In deze uitspraak van de Rechtbank Zeeland-West-Brabant op 4 juli 2014, werd het beroep van eiser tegen het besluit van het UWV inzake zijn arbeidsongeschiktheid behandeld. Eiser had beroep ingesteld tegen het besluit van 27 september 2011, waarin het UWV weigerde terug te komen op eerdere beslissingen over zijn WAO-uitkering. De rechtbank constateerde dat het bestreden besluit I onvoldoende gemotiveerd was en gaf het UWV de kans om het motiveringsgebrek te herstellen. Na een tussenuitspraak op 19 maart 2013, waarin de rechtbank het UWV vroeg om een arbeidskundig onderzoek, werd er een nieuw besluit genomen op 23 mei 2013, maar ook dit besluit bleek onvoldoende gemotiveerd.
De rechtbank oordeelde dat het UWV de gebrekkige motivering van de besluiten I en II in voldoende mate had hersteld.
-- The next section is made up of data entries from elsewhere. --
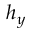Convert formula to latex. <formula><loc_0><loc_0><loc_500><loc_500>h _ { y }</formula> 
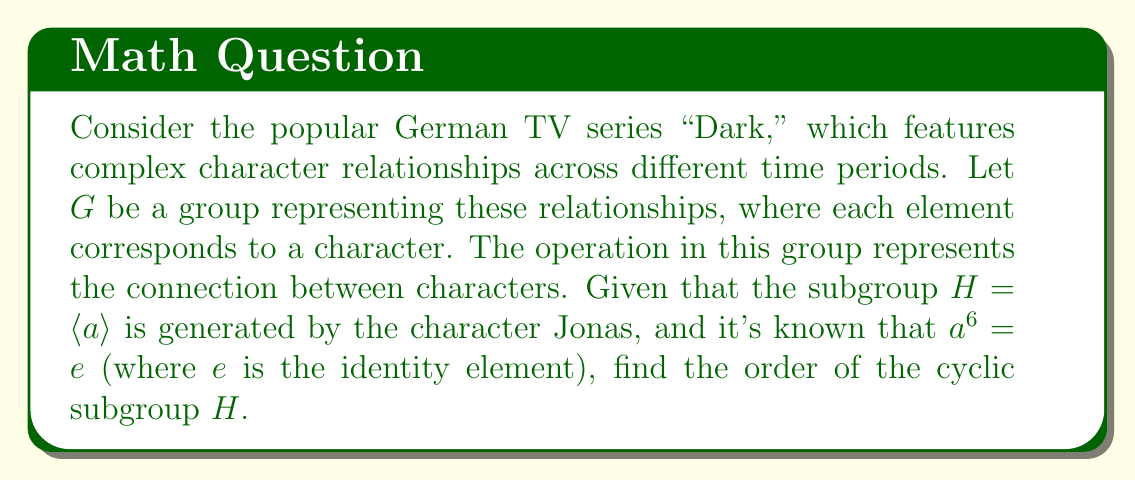Can you answer this question? To find the order of the cyclic subgroup $H = \langle a \rangle$, we need to determine the smallest positive integer $n$ such that $a^n = e$, where $e$ is the identity element of the group.

Given information:
1. $H = \langle a \rangle$ is a cyclic subgroup generated by $a$ (representing Jonas).
2. $a^6 = e$

Steps to determine the order:

1. The fact that $a^6 = e$ tells us that the order of $a$ is a divisor of 6.
2. The possible divisors of 6 are 1, 2, 3, and 6.
3. We need to check which of these is the smallest positive integer $n$ such that $a^n = e$.

4. Let's consider each possibility:
   - If $n = 1$, then $a = e$. This is not the case as $a$ represents Jonas, a non-trivial element.
   - If $n = 2$, then $a^2 = e$. We don't have information to confirm or deny this.
   - If $n = 3$, then $a^3 = e$. We don't have information to confirm or deny this.
   - We know that $n = 6$ satisfies the condition $a^6 = e$.

5. Since we don't have information to confirm $n = 2$ or $n = 3$, and we know $n = 6$ works, we conclude that the order of $a$ is 6.

6. In a cyclic subgroup, the order of the subgroup is equal to the order of its generator.

Therefore, the order of the cyclic subgroup $H = \langle a \rangle$ is 6.
Answer: The order of the cyclic subgroup $H$ is 6. 
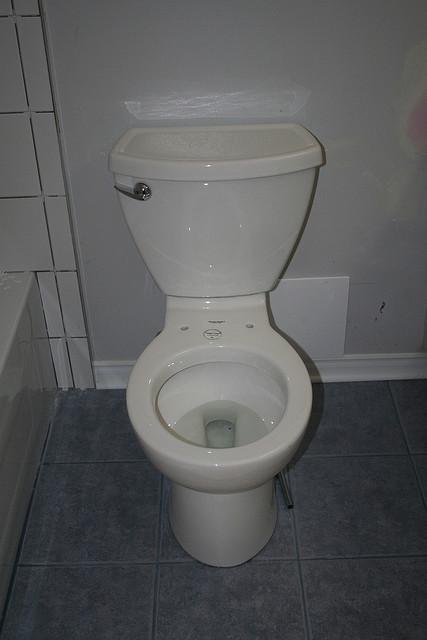Is the toilet still in good condition?
Short answer required. Yes. What company is written on the top of the commode?
Keep it brief. Unknown. Does the floor look clean?
Concise answer only. Yes. Does the bottom of the toilet cover only one flooring tile?
Answer briefly. No. What is the color of the floor?
Answer briefly. Gray. Is there a toilet brush next to the toilet?
Short answer required. No. Is this toilet indoors?
Short answer required. Yes. How many toilets in the picture?
Concise answer only. 1. What is the use of this item?
Give a very brief answer. Go to bathroom. Is the flushing mechanism visible?
Quick response, please. Yes. Does the bathroom need fixing?
Keep it brief. No. Is this usable?
Quick response, please. Yes. What style of toilet is this?
Keep it brief. Modern. What is missing from the toilet?
Give a very brief answer. Seat. 
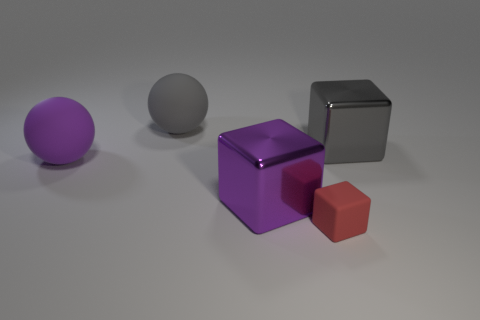Add 1 tiny green matte spheres. How many objects exist? 6 Subtract all blocks. How many objects are left? 2 Subtract 0 red cylinders. How many objects are left? 5 Subtract all gray spheres. Subtract all small cubes. How many objects are left? 3 Add 5 large purple spheres. How many large purple spheres are left? 6 Add 4 matte spheres. How many matte spheres exist? 6 
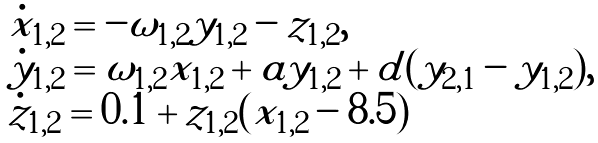<formula> <loc_0><loc_0><loc_500><loc_500>\begin{array} { l } \dot { x } _ { 1 , 2 } = - \omega _ { 1 , 2 } y _ { 1 , 2 } - z _ { 1 , 2 } , \\ \dot { y } _ { 1 , 2 } = \omega _ { 1 , 2 } x _ { 1 , 2 } + a y _ { 1 , 2 } + d ( y _ { 2 , 1 } - y _ { 1 , 2 } ) , \\ \dot { z } _ { 1 , 2 } = 0 . 1 + z _ { 1 , 2 } ( x _ { 1 , 2 } - 8 . 5 ) \end{array}</formula> 
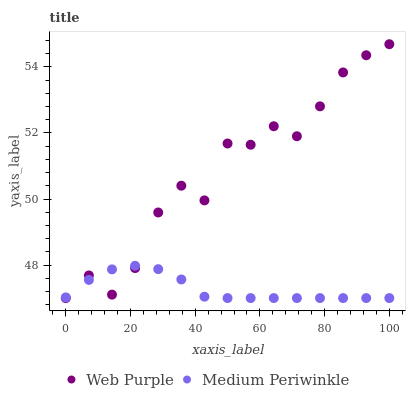Does Medium Periwinkle have the minimum area under the curve?
Answer yes or no. Yes. Does Web Purple have the maximum area under the curve?
Answer yes or no. Yes. Does Medium Periwinkle have the maximum area under the curve?
Answer yes or no. No. Is Medium Periwinkle the smoothest?
Answer yes or no. Yes. Is Web Purple the roughest?
Answer yes or no. Yes. Is Medium Periwinkle the roughest?
Answer yes or no. No. Does Web Purple have the lowest value?
Answer yes or no. Yes. Does Web Purple have the highest value?
Answer yes or no. Yes. Does Medium Periwinkle have the highest value?
Answer yes or no. No. Does Web Purple intersect Medium Periwinkle?
Answer yes or no. Yes. Is Web Purple less than Medium Periwinkle?
Answer yes or no. No. Is Web Purple greater than Medium Periwinkle?
Answer yes or no. No. 
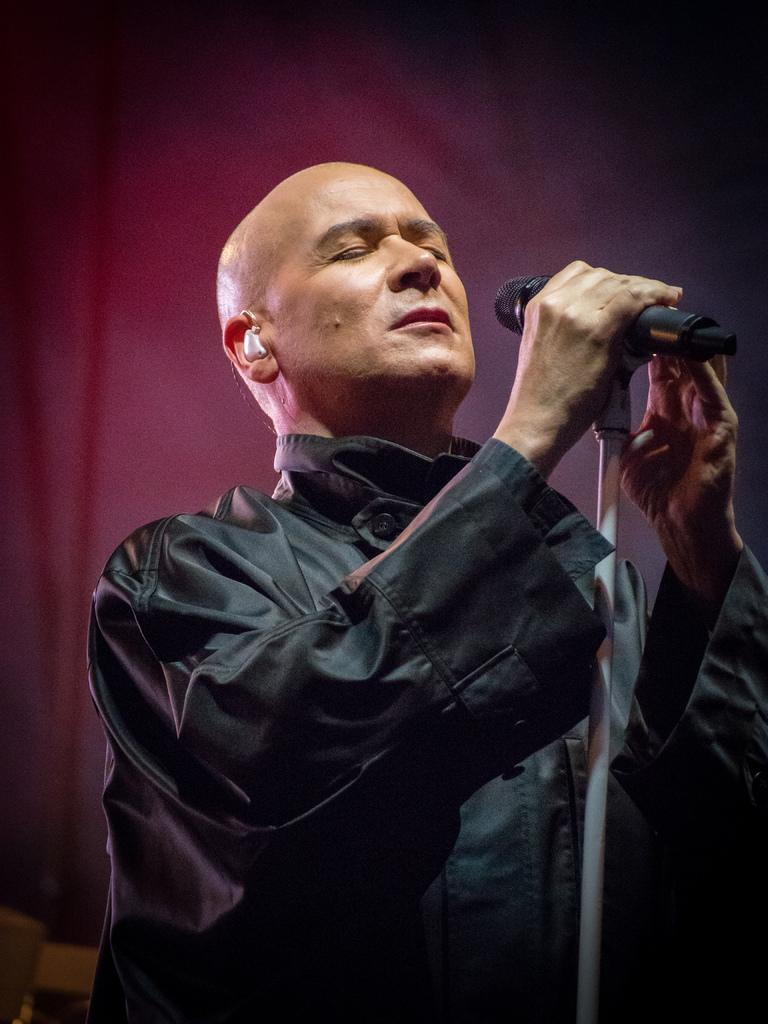What is the main subject of the image? There is a man in the image. What is the man wearing? The man is wearing a black dress. What is the man holding in his hands? The man is holding a microphone in his hands. What is the man's facial expression or action in the image? The man has his eyes closed. What can be seen in the background of the image? There is a curtain in the background of the image. How many mice are visible in the image? There are no mice present in the image. What type of voice does the man have in the image? The image does not provide any information about the man's voice. 
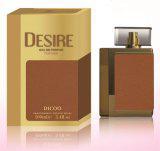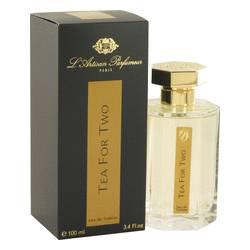The first image is the image on the left, the second image is the image on the right. Assess this claim about the two images: "One image shows a silver cylinder shape next to a silver upright box.". Correct or not? Answer yes or no. No. The first image is the image on the left, the second image is the image on the right. Considering the images on both sides, is "There are more containers in the image on the right." valid? Answer yes or no. No. 
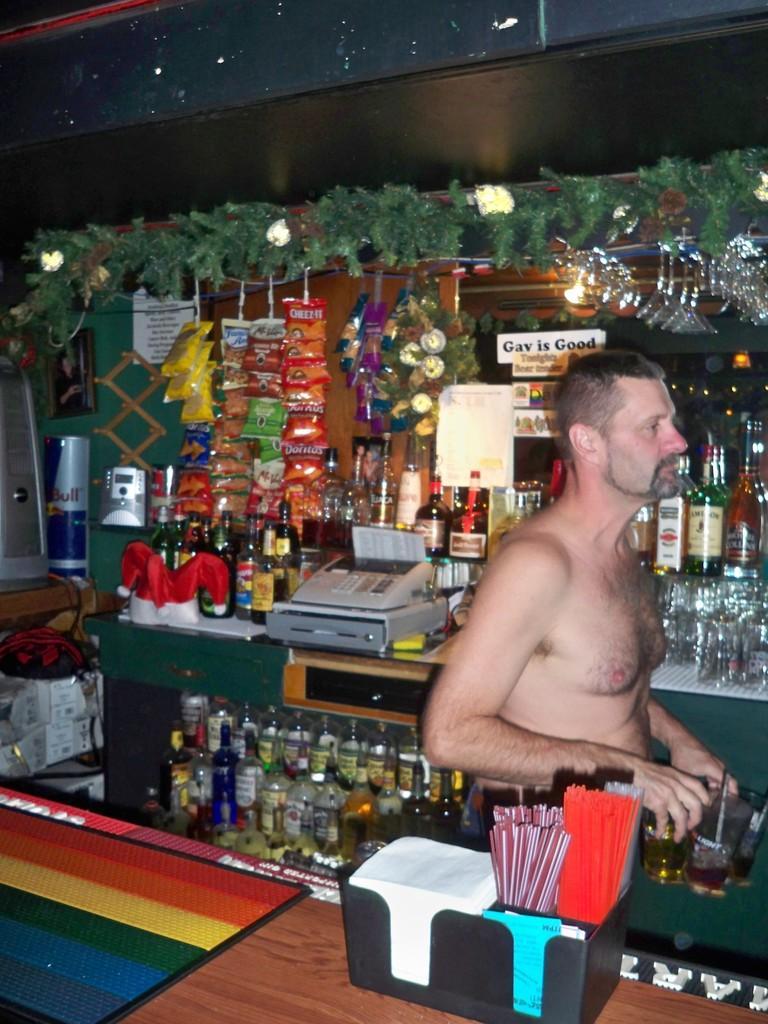Describe this image in one or two sentences. In this image there is a person standing behind the table having a tray which is having few papers and straws in it. Behind him there are few shelves having few bottles and machine on it. Few packets are hanged from the rod. Few glasses are hanged at the right side of the image. 
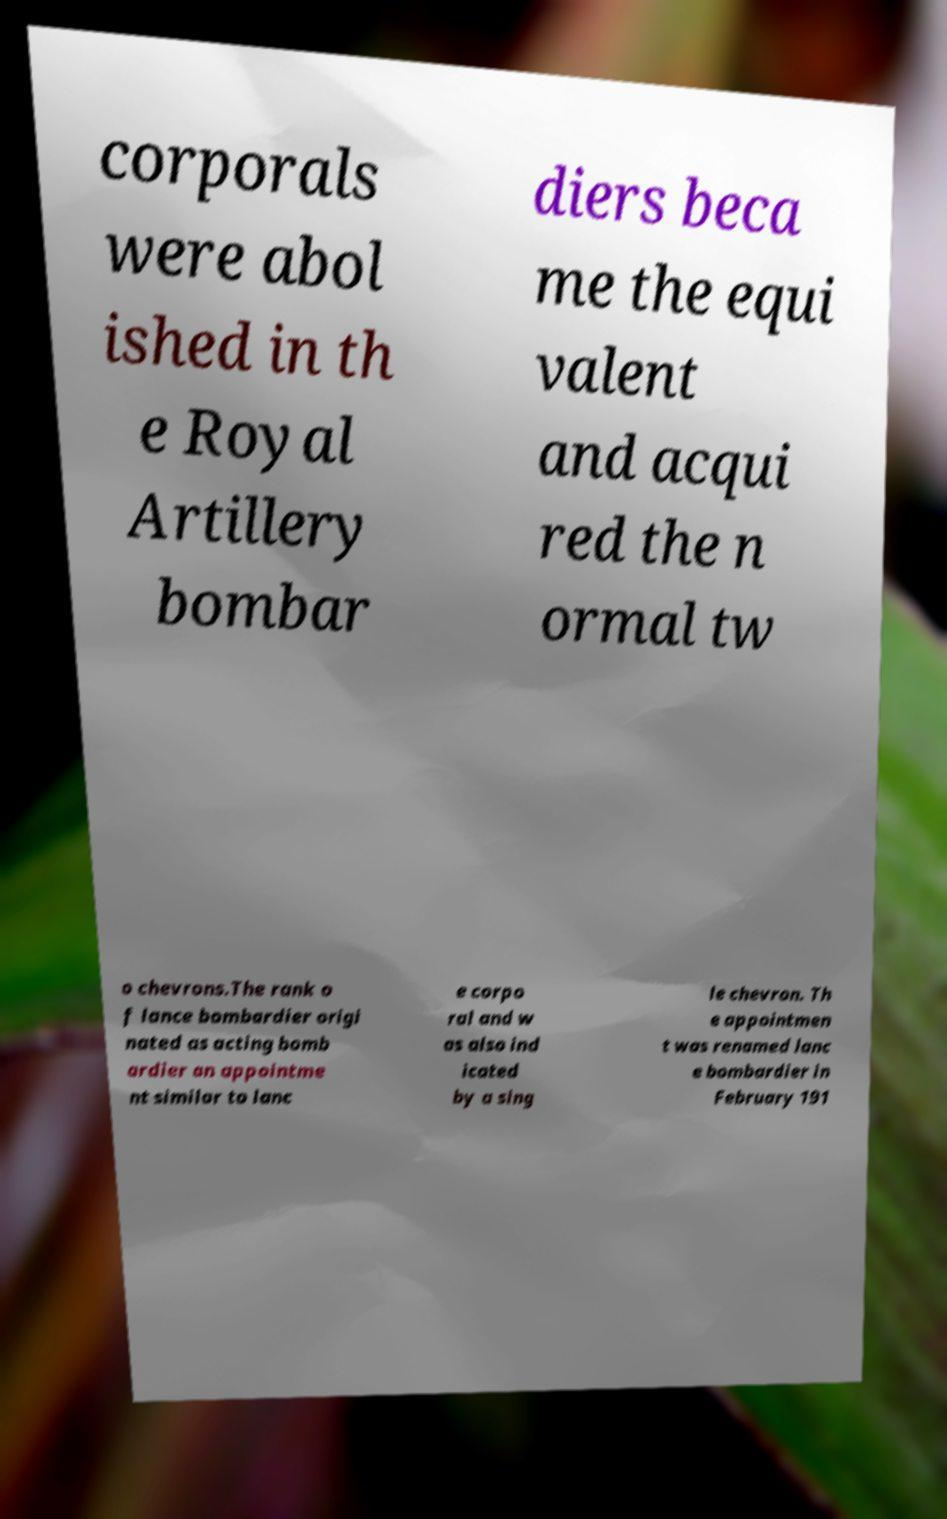There's text embedded in this image that I need extracted. Can you transcribe it verbatim? corporals were abol ished in th e Royal Artillery bombar diers beca me the equi valent and acqui red the n ormal tw o chevrons.The rank o f lance bombardier origi nated as acting bomb ardier an appointme nt similar to lanc e corpo ral and w as also ind icated by a sing le chevron. Th e appointmen t was renamed lanc e bombardier in February 191 
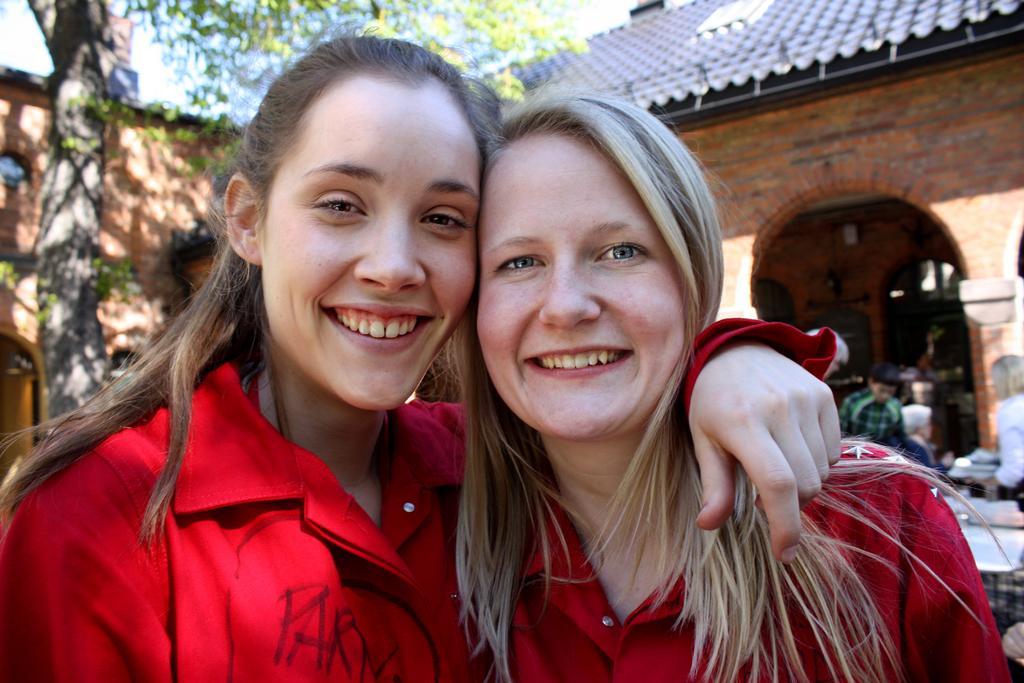Please provide a concise description of this image. In the picture we can see two women are standing together and smiling, they are in red shirts and behind them, we can see a tree and behind it, we can see some house building under it we can see some person is standing near it and on the top of the house we can see a part of the sky. 
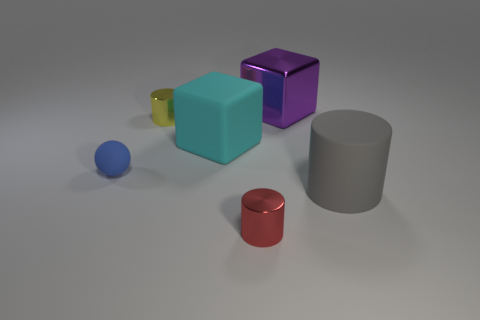Add 4 rubber cylinders. How many objects exist? 10 Subtract all blocks. How many objects are left? 4 Add 2 yellow objects. How many yellow objects are left? 3 Add 2 metallic blocks. How many metallic blocks exist? 3 Subtract 1 red cylinders. How many objects are left? 5 Subtract all cyan shiny spheres. Subtract all blue rubber objects. How many objects are left? 5 
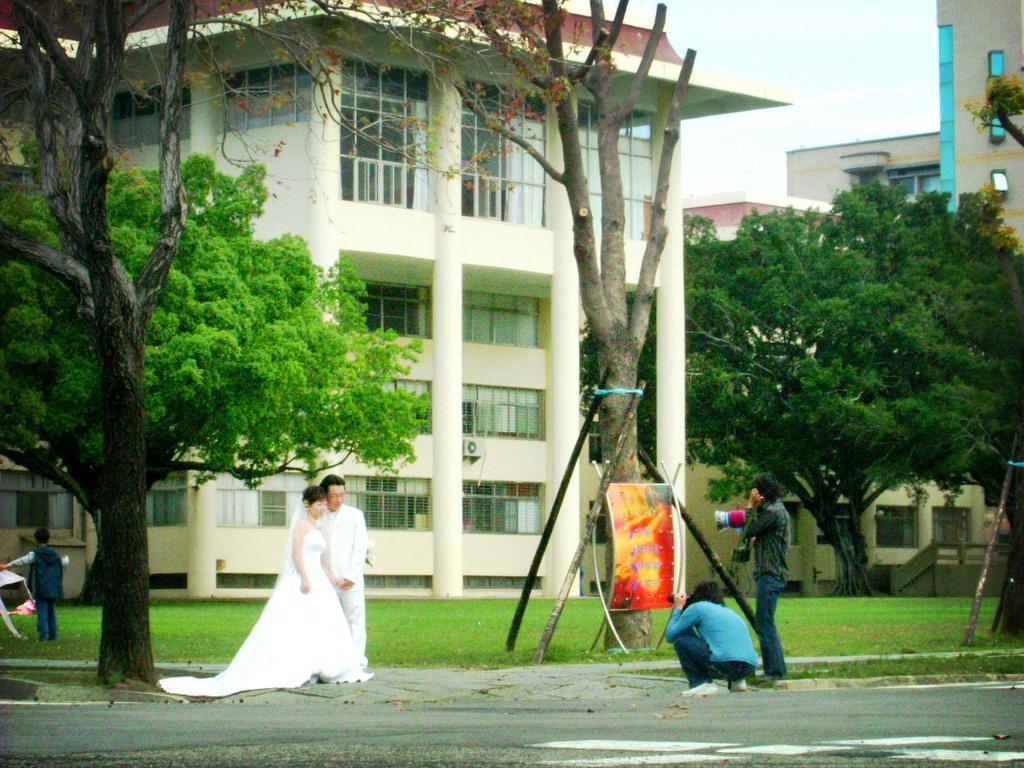In one or two sentences, can you explain what this image depicts? In the image I can see a lady who is wearing gown and the guy in white dress are posing for the picture and in front them there are two people who are holding the cameras and also I can see some trees, plants and buildings. 
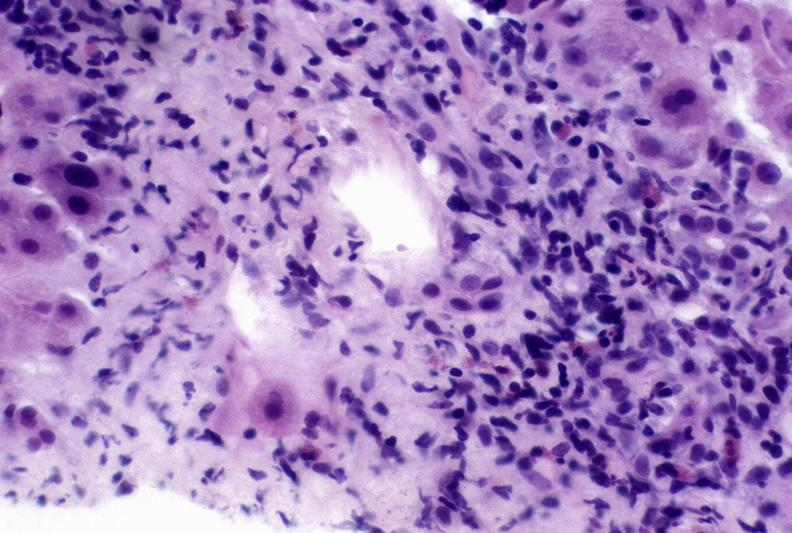what is present?
Answer the question using a single word or phrase. Hepatobiliary 
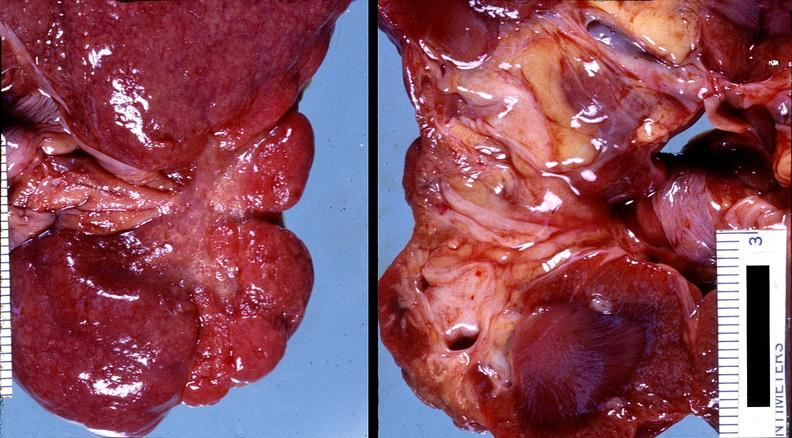does retroperitoneal liposarcoma show kidney, pyelonephritis?
Answer the question using a single word or phrase. No

De rechtbank concludeerde dat het UWV het maatmanloon van eiser per eerste WAO-dag (18 februari 2002) terecht had vastgesteld op € 25,56 per uur en dat het dagloon correct was vastgesteld op het maximum dagloon van € 159,99 bruto per dag. De rechtbank verklaarde het beroep gegrond, vernietigde de bestreden besluiten, maar liet de rechtsgevolgen in stand, omdat het UWV het motiveringsgebrek had hersteld. Eiser kreeg het griffierecht vergoed en het UWV werd veroordeeld in de proceskosten van eiser tot een bedrag van € 487,-. Het verzoek om schadevergoeding werd afgewezen, omdat dit niet was geconcretiseerd.
Tegen deze uitspraak kan binnen zes weken hoger beroep worden ingesteld bij de Centrale Raad van Beroep.